Lawyer Mohamed Hamdy Younes stated that he would request the Attorney-General to investigate Ali's accusations. He was then arrested and charged with belonging to a terrorist organisation. Former army officer and lawyer Ahmed Sarhan circulated a video supporting most of Ali's claims, calling for Younes to be released and making new accusations against people close to Sisi. Sarhan's video was viewed half a million times.

A masked man circulated a video claiming that he had sensitive information about Sisi, that Ali's videos contain "factual information about the corruption in the upper ranks of the Armed Forces" and that "the events happening" constitute "retaliation" by the Mukhabarat against Military Intelligence, which was headed by Sisi until 2012. In another video, a masked man claiming to be an intelligence officer stated that Sisi changed commanders frequently in order to avoid any becoming too powerful and that Sisi coordinated intelligence information closely with Israel. Former Air Force pilot Hany Sharaf and former state security officer Hesham Sabry then circulated videos highly critical of Sisi.

Wael Ghonim, who played a key online role in sparking the 2011 Egyptian revolution and lives in the United States, posted videos similar to the others, adding claims that Sisi's son Mahmoud played a strong role in managing Egyptian "daily politics". A representative of the Egyptian Embassy in Washington, D.C. telephoned Ghonim, asking him to stop criticising the Egyptian authorities, in exchange for which he would receive a payment and a guarantee to be able to "return to Egypt safely". Ghonim refused, and a few days later Ghonim's brother Hazem was arrested in Cairo. Ghonim interpreted this as a kidnapping in revenge for Ghonim having refused to remain silent.

Ali was described in mid-September by Mohamed Elmasry of the Doha Institute for Graduate Studies as being "probably the most popular man in Egypt" with millions of viewers of his online videos and millions of people using Ali's anti-Sisi hashtags. Elmasry described Ali as "a legitimate threat to the el-Sisi government."

On 21 September, following the previous day's protests, Ali called for a "million-man march" to fill all the "major squares" in Egypt on the following Friday, 27 September. Ali stated, "This is a people's revolution... We have to link up together as one... and organise going down to the major squares."

==Late September 2019 protests==
===20 and 21 September===
On Friday 20 September 2019, in response to Ali's call for anti-Sisi protests, two thousand people, mostly young, in Cairo, Alexandria, Damietta, Suez, Kafr El Sheikh and four other Egyptian cities on 20 September 2019 carried out street protests calling for Sisi to be removed from power.
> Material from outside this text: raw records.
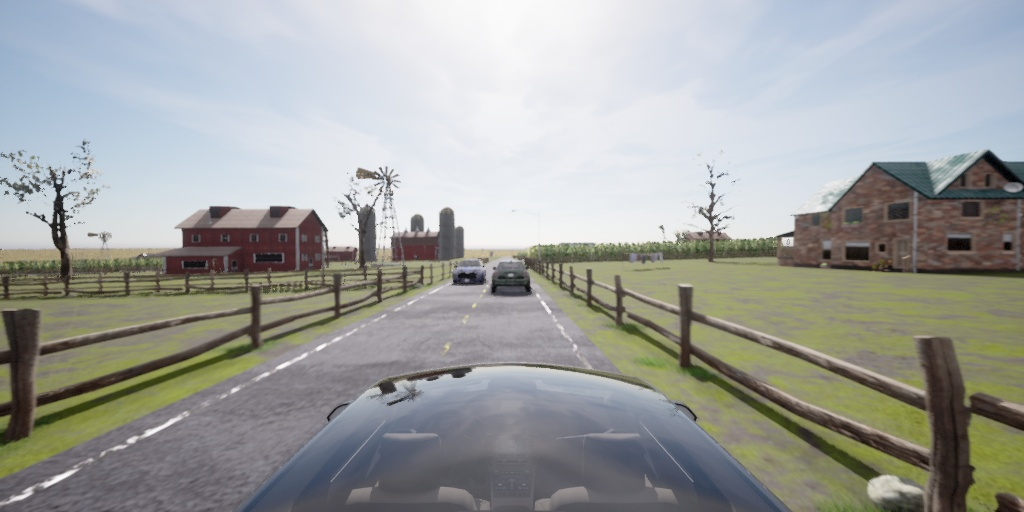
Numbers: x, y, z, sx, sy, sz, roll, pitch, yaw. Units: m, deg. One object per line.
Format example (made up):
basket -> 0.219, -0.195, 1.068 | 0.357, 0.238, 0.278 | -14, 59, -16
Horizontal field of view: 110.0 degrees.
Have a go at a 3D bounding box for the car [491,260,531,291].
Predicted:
car -> -0.068, 1.006, 20.887 | 2.097, 1.767, 4.553 | 0, 0, 0

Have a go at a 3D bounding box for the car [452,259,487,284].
car -> -2.946, 1.002, 25.642 | 2.097, 1.767, 4.553 | 0, 0, 0
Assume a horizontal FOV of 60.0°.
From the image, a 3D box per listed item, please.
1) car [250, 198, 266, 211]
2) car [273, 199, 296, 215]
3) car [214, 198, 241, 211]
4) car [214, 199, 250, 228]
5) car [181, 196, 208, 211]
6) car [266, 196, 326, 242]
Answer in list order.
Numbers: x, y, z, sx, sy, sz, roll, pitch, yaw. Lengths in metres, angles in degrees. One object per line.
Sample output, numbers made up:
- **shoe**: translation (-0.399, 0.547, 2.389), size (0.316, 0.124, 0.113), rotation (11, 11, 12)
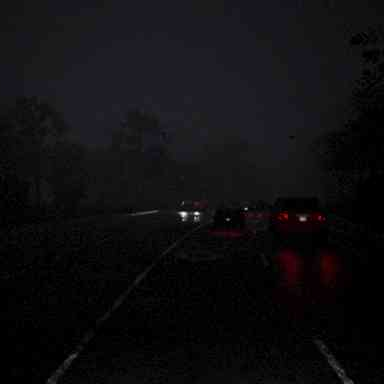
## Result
- **car**: translation (8.214, 1.512, 40.796), size (2.128, 1.511, 4.902), rotation (0, 0, 21)
- **car**: translation (10.031, 1.580, 35.847), size (2.033, 1.411, 5.357), rotation (0, 0, 20)
- **car**: translation (4.539, 1.549, 41.677), size (2.033, 1.411, 5.357), rotation (0, 0, 21)
- **car**: translation (2.652, 1.482, 22.280), size (1.882, 1.535, 5.008), rotation (0, 0, 12)
- **car**: translation (0.324, 1.335, 40.227), size (2.097, 1.767, 4.553), rotation (0, 0, 21)
- **car**: translation (5.142, 1.236, 16.785), size (2.150, 2.045, 5.566), rotation (0, 0, 9)
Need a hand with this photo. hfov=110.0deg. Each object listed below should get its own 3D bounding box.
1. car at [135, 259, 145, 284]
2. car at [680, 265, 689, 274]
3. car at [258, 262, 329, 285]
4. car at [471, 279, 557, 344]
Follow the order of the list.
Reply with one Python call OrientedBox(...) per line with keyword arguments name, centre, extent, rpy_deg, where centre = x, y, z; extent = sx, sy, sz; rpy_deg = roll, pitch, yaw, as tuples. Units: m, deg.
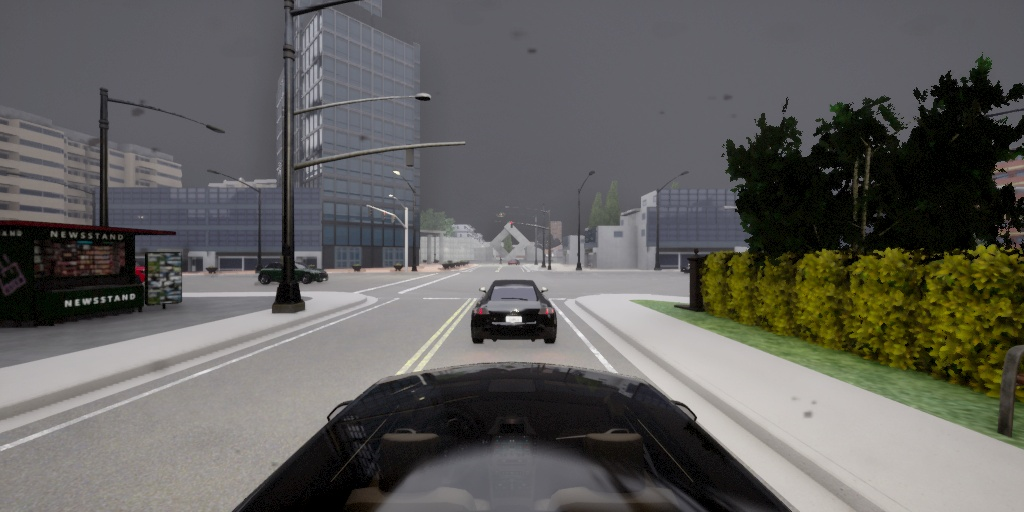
OrientedBox(name="car", centre=(-29.214, 1.235, 27.071), extent=(5.566, 2.045, 2.150), rpy_deg=(-1, 0, 0))
OrientedBox(name="car", centre=(20.347, 1.266, 38.369), extent=(4.181, 1.385, 1.994), rpy_deg=(0, 0, -2))
OrientedBox(name="car", centre=(-16.494, 1.210, 27.224), extent=(4.553, 1.767, 2.097), rpy_deg=(-1, 0, -1))
OrientedBox(name="car", centre=(0.045, 1.314, 9.637), extent=(1.994, 1.385, 4.181), rpy_deg=(0, 0, 0))
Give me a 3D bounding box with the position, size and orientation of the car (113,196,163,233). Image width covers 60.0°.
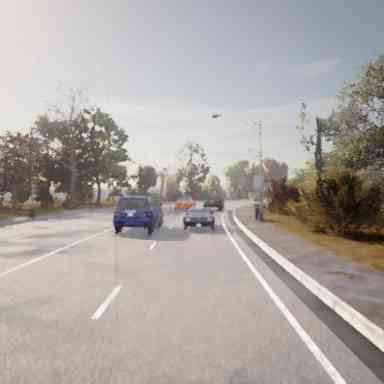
[{"bbox_3d":[-3.056,1.243,19.778,2.150,2.045,5.566,0,0,2],"label":"car"}]

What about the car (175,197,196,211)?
[{"bbox_3d":[-0.748,1.397,41.693,2.097,1.767,4.553,0,0,10],"label":"car"}]

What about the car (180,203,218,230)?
[{"bbox_3d":[0.512,1.624,21.332,1.895,1.301,4.718,0,0,3],"label":"car"}]

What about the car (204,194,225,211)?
[{"bbox_3d":[2.838,1.273,42.048,2.150,2.045,5.566,0,0,11],"label":"car"}]
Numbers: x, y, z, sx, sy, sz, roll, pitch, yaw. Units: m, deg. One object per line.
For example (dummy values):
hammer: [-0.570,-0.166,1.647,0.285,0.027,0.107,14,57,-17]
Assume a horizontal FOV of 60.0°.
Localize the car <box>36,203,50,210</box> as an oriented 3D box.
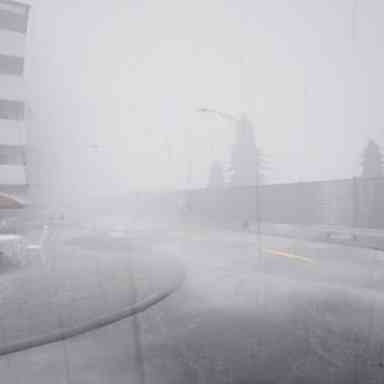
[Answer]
car: [-33.274,3.303,74.860,1.994,1.385,4.181,0,-1,-29]
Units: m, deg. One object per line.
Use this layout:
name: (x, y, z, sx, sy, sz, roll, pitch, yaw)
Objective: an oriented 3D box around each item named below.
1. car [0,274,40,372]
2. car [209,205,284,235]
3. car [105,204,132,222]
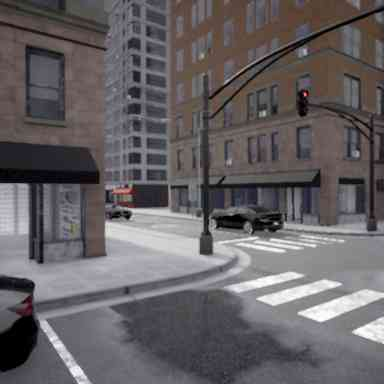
car: (-3.901, 1.571, 3.394, 4.313, 1.339, 1.947, 0, 0, -36)
car: (2.927, 1.475, 19.033, 1.882, 1.535, 5.008, 0, 0, -33)
car: (-6.721, 1.666, 27.647, 1.895, 1.301, 4.718, 0, 0, -36)

Chants included "rise up, fear not, Sisi must go" and "the people demand the regime's fall".

Street protests continued in Cairo, Suez, Giza and El Mahalla El Kubra on 21 September. In Suez, with 200 demonstrators, teargas, rubber bullets and live bullets were shot at protestors. The tear gas spread to "a few" kilometres from the zone of the protest where a resident felt the gas making her nose feel as if it were burning.

===27 September===
On 26 September, exiled former presidential candidate Ayman Nour stated that the massive scale of the arrests showed that the Sisi government was "terrified" and that he expected protests to grow, with the fear barrier having been broken down and the mass arrests provoking anger in the context of socioeconomic difficulties. On the same day, actor Amr Waked tweeted to seven million followers that "Sisi is done ... it is over for him and anyone who supports him now will be making a huge mistake."

- Anti-Sisi
On 27 September itself, 1000 to 2000 people on Warraq Island on the Nile next to Cairo protested against Sisi and were attacked by police using tear gas. One of the slogans chanted by protestors was, "No matter how, we'll bring Sisi down". Using their rifles, police "beat the hell" out of six of the Warraq protestors.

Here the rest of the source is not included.